Digby was, refreshingly but a little disturbingly, struck dumb. Actually, while we were watching this I was mildly concerned that he might inadvertently spontaneously eject his eyeballs as a result of over goggling.

There was a mannequin bent like ‘The Thinker’ made of tiny square mirrors, a cerise felted snooker table, more brown boxes with room names scribed on them in perfect capitals that could only have been Chignon’s; KITCHEN, BEDROOM one to eight thereof, BATHROOM one to nine, DINING and bizarrely, SNUG, CINEMA, RECORDING STUDIO and BAR. And POOL ROOM. I was sure the Arnolds never had those rooms. I remembered mention of a ballroom and a drawing room.
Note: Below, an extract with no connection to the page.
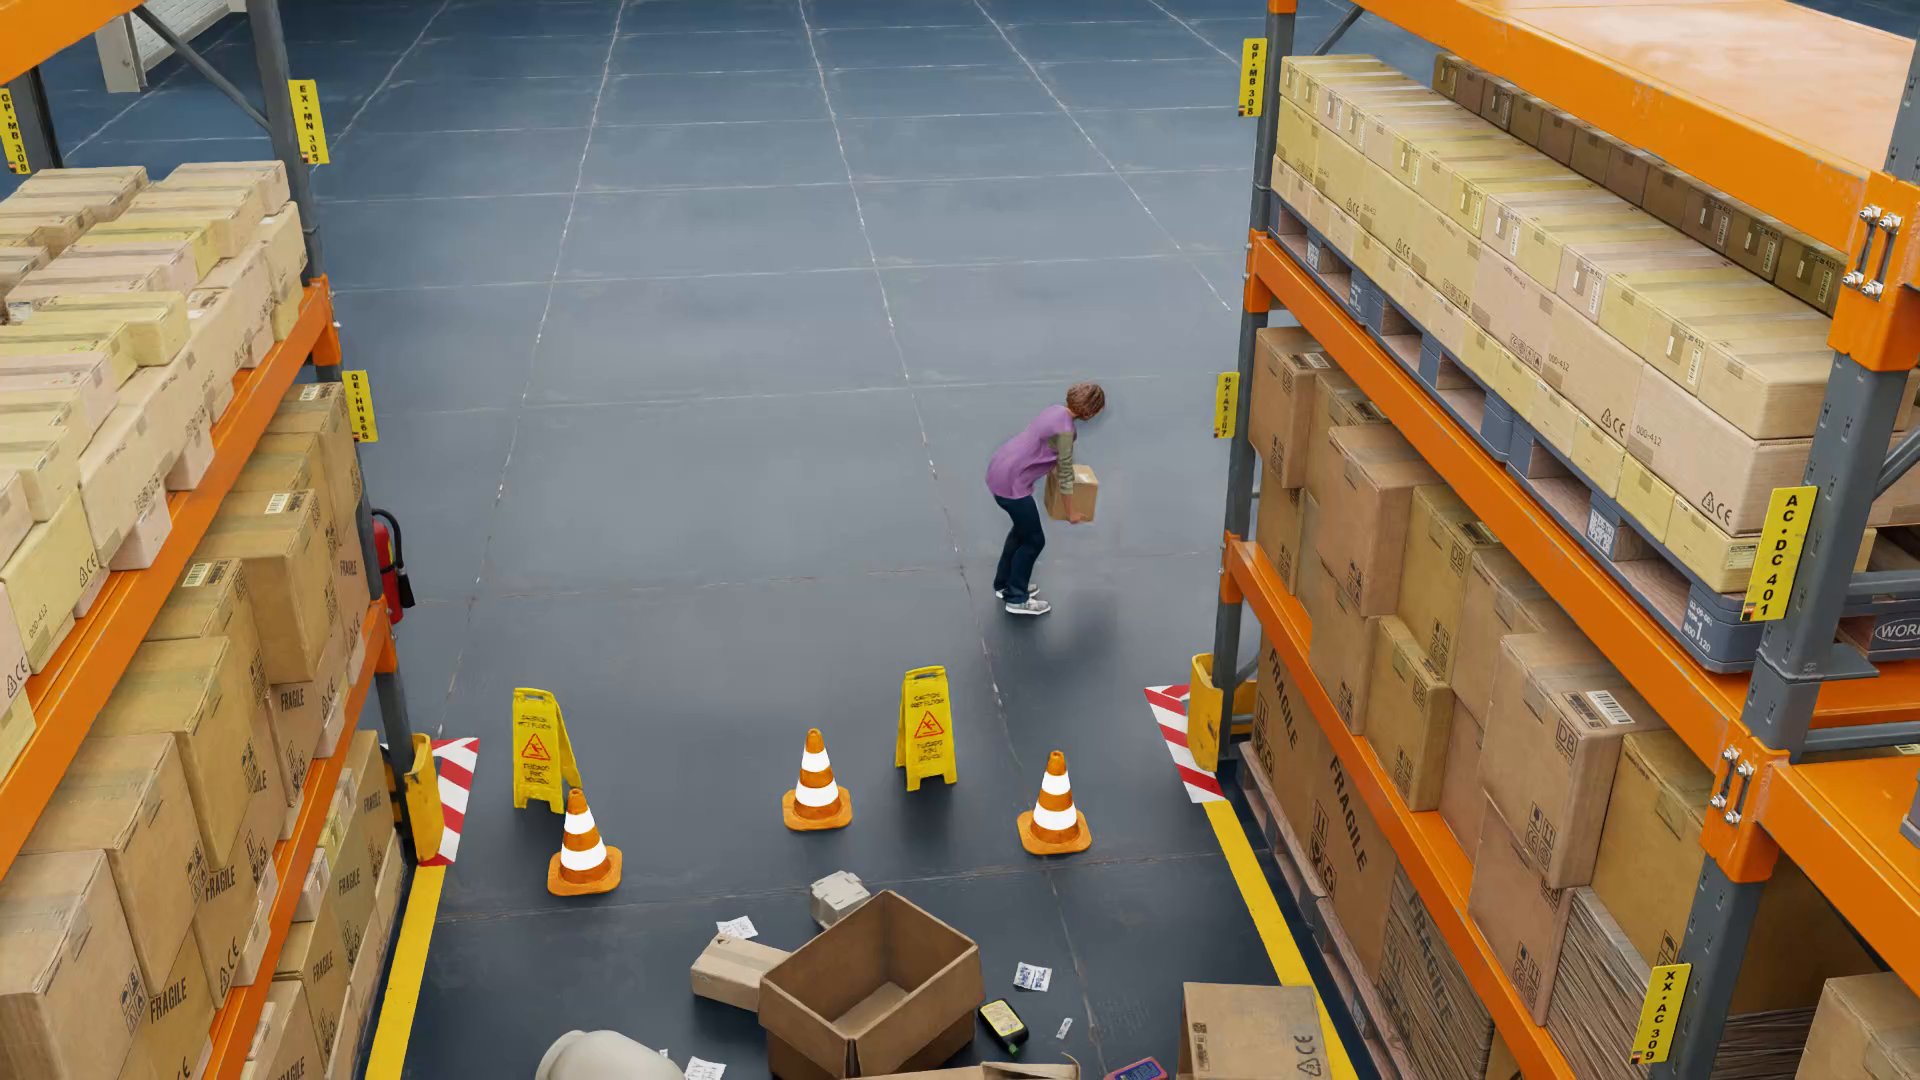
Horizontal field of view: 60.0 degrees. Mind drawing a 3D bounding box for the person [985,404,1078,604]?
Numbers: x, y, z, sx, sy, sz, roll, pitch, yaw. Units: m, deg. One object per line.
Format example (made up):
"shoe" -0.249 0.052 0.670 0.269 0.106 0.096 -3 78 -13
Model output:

There was a white lacquered grand piano, an ebony harp at least the height of the tall woman and five keyboards. A four foot white china poodle, a
totem pole and a leopard skin loo seat. Every now and again one of the mirror image young men, I couldn’t tell which, would appear with a tray carrying fifteen mugs of steaming milky tea and the orange Burlies would take time out slumped against the wheels of their lorries, slurping so hard that Digby and I fancied we could hear it from where we were up at the top of the Hill.
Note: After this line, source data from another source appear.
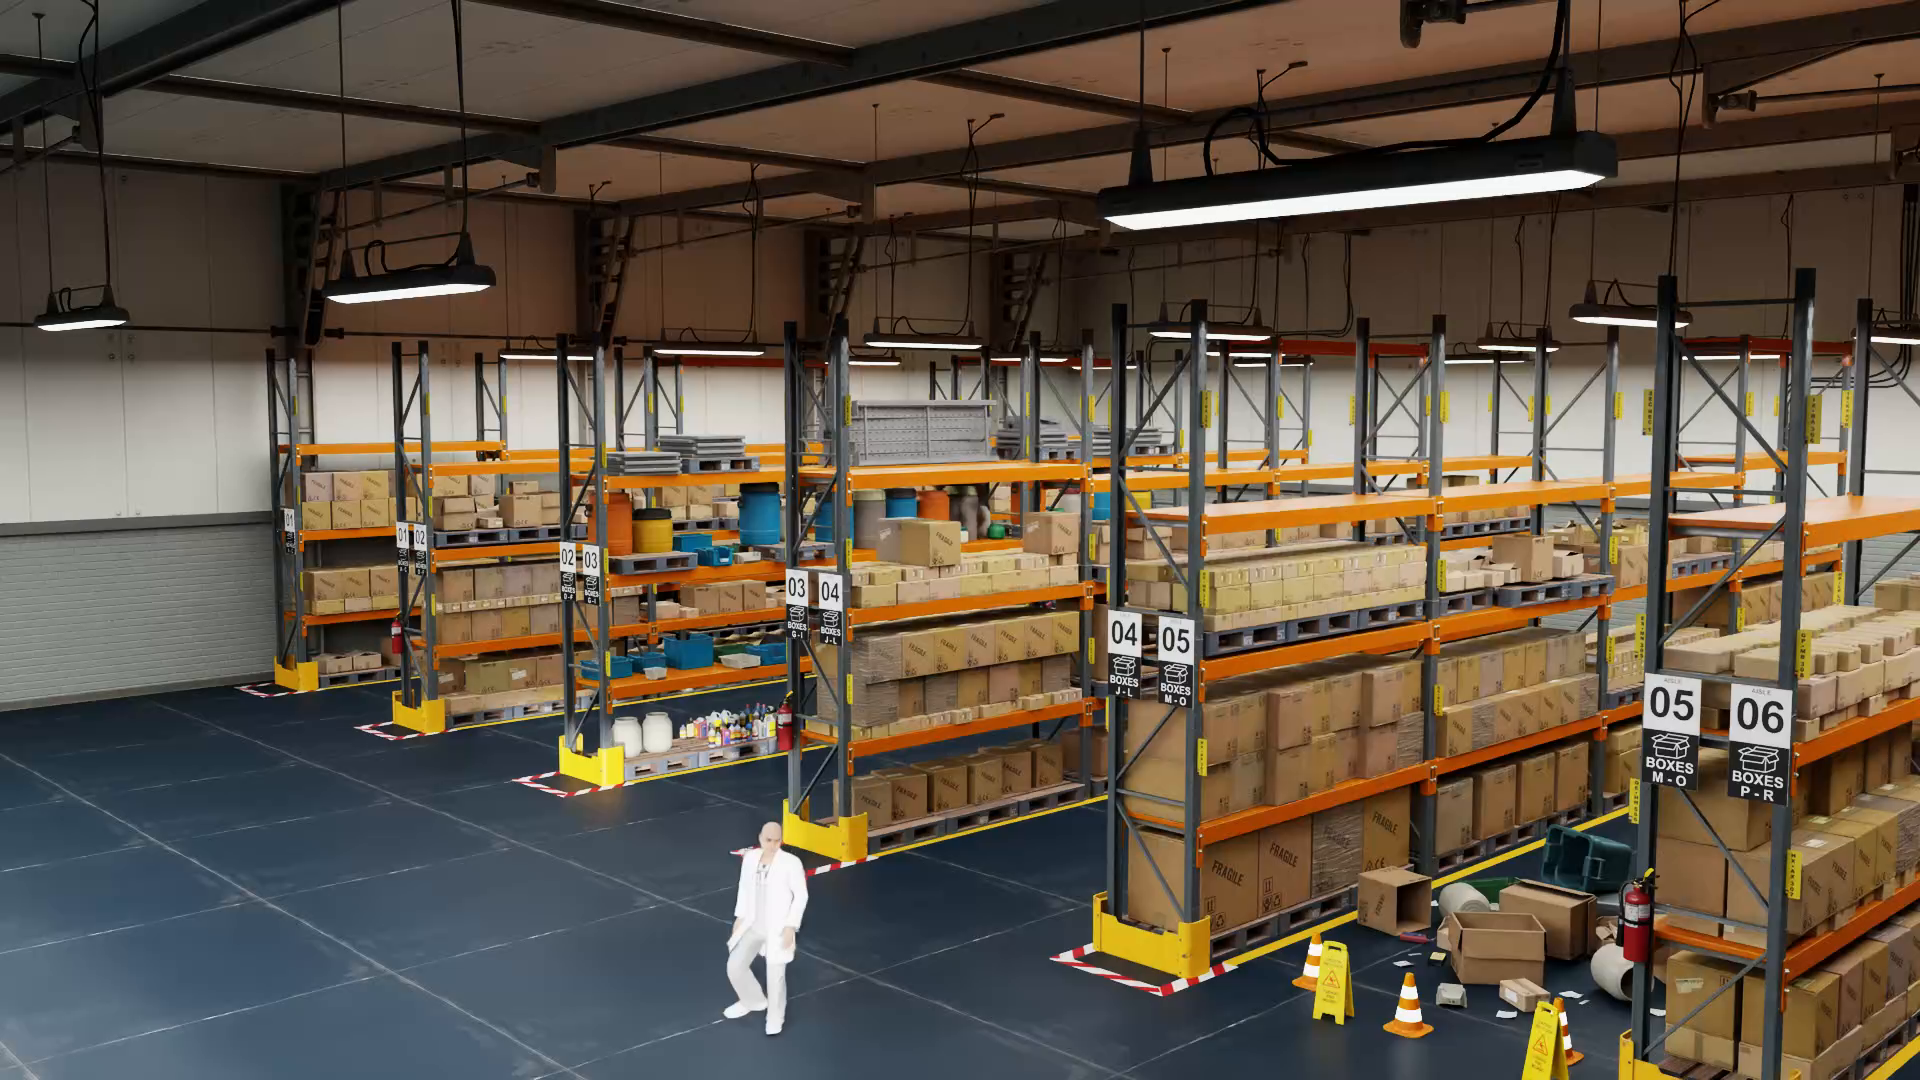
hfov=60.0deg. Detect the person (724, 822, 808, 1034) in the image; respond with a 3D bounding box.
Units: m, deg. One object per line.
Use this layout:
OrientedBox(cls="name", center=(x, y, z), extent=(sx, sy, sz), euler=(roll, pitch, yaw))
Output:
OrientedBox(cls="person", center=(-1.611, 3.131, 13.432), extent=(0.822, 1.744, 0.613), euler=(2, 5, 19))

When this spectacle ended and Chignon checked her last box and the lorries crawled back down the driveway, the Source was dipping and Her rays were easing off.

The smell of sweating onions was in the air and then the piquance of tomatoes blubbed with an overcoat of garlic and for a while all was still. The Family had somehow slept through all of this. As the Source made Her bed, one by one the windows in the Big House began to glow. A quiet, gentle music squeezed out hinting up the Hill. A voice like vanilla caramel swang with it, wafting through the now abuzz menagerie.
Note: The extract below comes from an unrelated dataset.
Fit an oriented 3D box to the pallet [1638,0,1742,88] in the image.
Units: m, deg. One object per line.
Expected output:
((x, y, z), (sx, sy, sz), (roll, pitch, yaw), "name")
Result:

I could see Dolly and Daisy and the Alpaca tribe with all of their necks hanging over their fence, peering, having spent the Arrival nonchalantly grazing and taking surreptitious glances over at the Big House. The flamingos were a juddering pink blancmange of feathers quivering with questions as to the meaning of it all. The mob of meerkats, all forty-two of them (I liked to keep count) were stood in a line from biggest to smallest, from right to left facing forwards but occasionally turning their heads to consult with one another. Their noses twitched. Digby was in the Oak preparing to roost with the flock of parakeets who had one by one swept in during the course of the afternoon, called to return by their unique messaging system back to base camp. Brian the gibbon, silvery grey, was hooting and swinging from his ropes trying to gain enough momentum to launch himself over his moat and the giraffes were flashing their lashes. Roger the gregarious badger pottered out of the forest flanked by a team of loose deer. Rabbits were scrambling everywhere and the pipistrelle bats were sonically swooping over and over the roof.

But Bob the zookeeper was nowhere to be seen.